Estudar Esta Passagem

  
/ 10837  
  

9146. Of het staande gewas of het veld; dat dit betekent het ware en het goede van het geloof in de ontvangenis, staat vast uit de betekenis van het gewas, namelijk het ware van het geloof, waarover hierna; en uit de betekenis van het veld, dus de Kerk ten aanzien van het goede, dus het goede van de Kerk, nr. 9139.

Dat het gewas het ware van het geloof is, komt omdat de dingen die van het gewas zijn, zoals de tarwe en de gerst en daaruit het brood, de goedheden van de Kerk betekenen, nrs. 3941, 7602.

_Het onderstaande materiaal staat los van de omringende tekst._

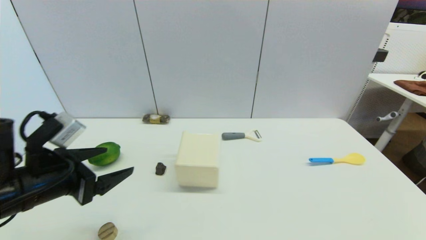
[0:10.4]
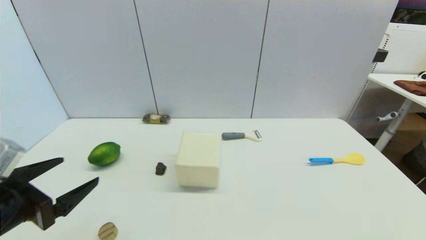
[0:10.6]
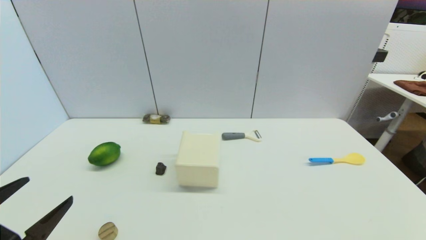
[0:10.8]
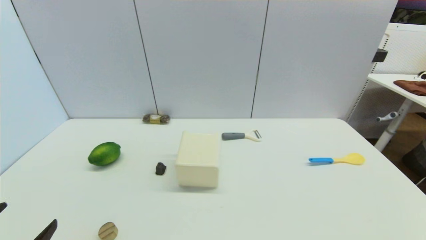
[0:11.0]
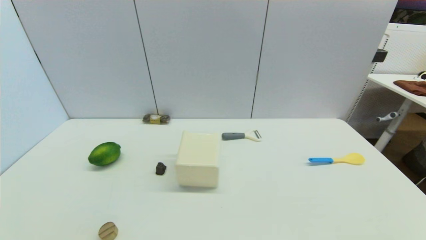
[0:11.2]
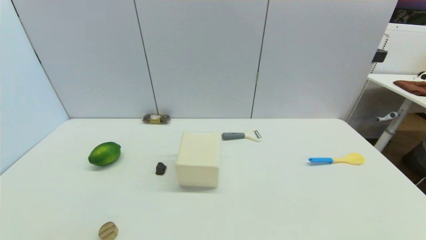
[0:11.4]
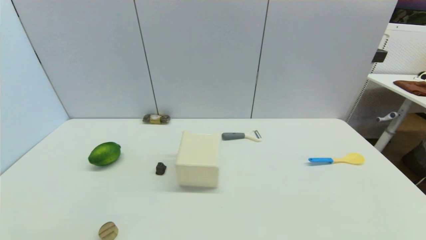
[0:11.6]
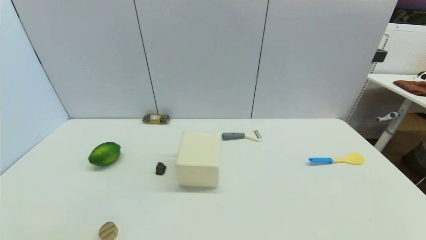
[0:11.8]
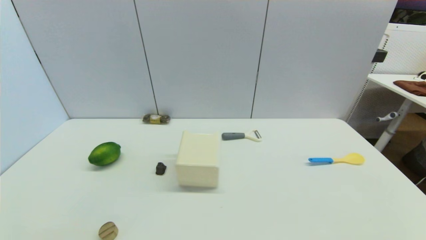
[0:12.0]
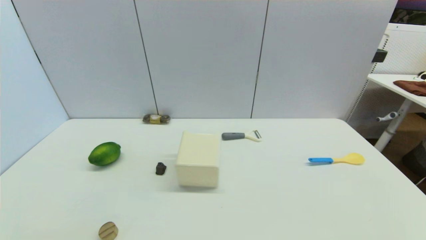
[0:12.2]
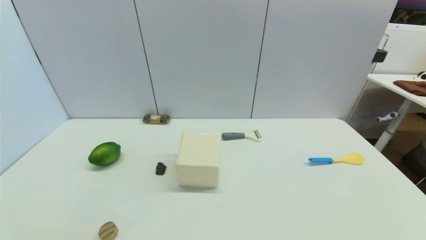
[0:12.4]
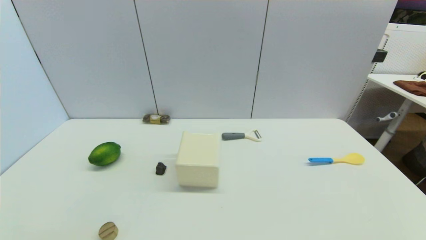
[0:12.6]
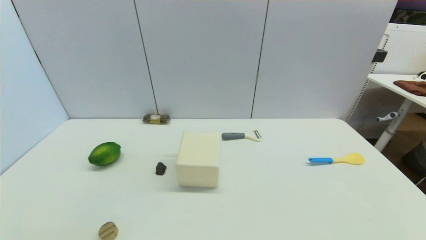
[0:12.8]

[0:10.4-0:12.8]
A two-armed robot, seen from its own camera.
0:10.4 to 0:11.6: The left gripper goes some 20 cm backward and downward.
0:11.6 to 0:12.8: Neither gripper changes place.

De goedheden van de Kerk, zijn de dingen die van de liefde jegens de naaste en van de liefde tot de Heer zijn; deze goedheden zijn het Zijn en de Ziel van het geloof, want krachtens die is het geloof, het geloof en leeft.

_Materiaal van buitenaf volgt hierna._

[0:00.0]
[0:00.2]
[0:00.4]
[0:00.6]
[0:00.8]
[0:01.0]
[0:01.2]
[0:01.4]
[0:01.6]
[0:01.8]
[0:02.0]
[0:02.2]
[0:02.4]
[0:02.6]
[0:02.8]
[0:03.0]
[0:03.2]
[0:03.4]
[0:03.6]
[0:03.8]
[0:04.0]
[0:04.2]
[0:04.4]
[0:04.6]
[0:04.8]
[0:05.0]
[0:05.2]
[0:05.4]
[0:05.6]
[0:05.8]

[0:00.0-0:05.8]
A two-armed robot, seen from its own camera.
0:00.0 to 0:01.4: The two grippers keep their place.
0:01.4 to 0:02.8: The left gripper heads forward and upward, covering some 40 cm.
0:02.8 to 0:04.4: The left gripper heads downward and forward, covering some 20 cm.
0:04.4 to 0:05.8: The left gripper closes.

Dat het staande gewas het ware van het geloof in de ontvangenis is, komt omdat het nog niet tot hopen is verzameld, noch ingedragen in de schuren; daarom is het gewas wanneer het staat of nog in het geboren worden is, het ware van het geloof in de ontvangenis.

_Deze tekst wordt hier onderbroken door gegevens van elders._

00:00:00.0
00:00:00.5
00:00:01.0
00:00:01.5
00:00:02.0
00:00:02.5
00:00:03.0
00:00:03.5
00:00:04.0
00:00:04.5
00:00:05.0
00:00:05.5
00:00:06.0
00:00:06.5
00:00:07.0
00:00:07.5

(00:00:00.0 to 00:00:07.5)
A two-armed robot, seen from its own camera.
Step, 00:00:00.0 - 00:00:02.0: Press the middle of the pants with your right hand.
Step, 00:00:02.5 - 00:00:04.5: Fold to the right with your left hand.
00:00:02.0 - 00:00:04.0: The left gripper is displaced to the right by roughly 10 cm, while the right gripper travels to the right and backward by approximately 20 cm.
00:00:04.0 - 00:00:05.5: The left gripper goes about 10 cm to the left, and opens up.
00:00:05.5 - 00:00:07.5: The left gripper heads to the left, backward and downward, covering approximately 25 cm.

Het eendere wordt met het staande gewas aangeduid bij Hosea: ‘Zij, Israël, hebben een koning gemaakt en niet door Mij; vorsten hebben zij gemaakt en Ik heb het niet gekend; hun zilver en hun goud hebben zij gemaakt tot afgoden; omdat zij wind zaaien, zullen zij een wervelwind oogsten; het staande gewas niet voor hen; het uitspruitsel zal geen meel maken; indien het bij geval zal gemaakt hebben, vreemden zullen het verslinden’, (Hosea 8:4,7); daar wordt gehandeld over de ware en de goede dingen van het geloof van de Kerk, dat is verstrooid door ijdele en valse dingen.

Dat daarover wordt gehandeld, blijkt uit de reeks van de dingen, maar wat daarvan wordt gezegd, blijkt uit de innerlijke zin; in deze zin immers wordt onder de koning het ware van het geloof van de Kerk in een samenvatting verstaan, nrs. 1672, 2015, 2069, 3009, 3670, 4575, 4581, 4966, 5044, 6148; onder de vorsten de belangrijkste of eerste waarheden, nrs. 1482, 2089, 5044; daaruit blijkt, wat daaronder wordt verstaan dat zij, Israël, een koning hebben gemaakt en niet door Mij, vorsten hebben gemaakt en Ik heb het niet gekend; Israël immers is de Kerk, nrs. 4286, 6426, 6637.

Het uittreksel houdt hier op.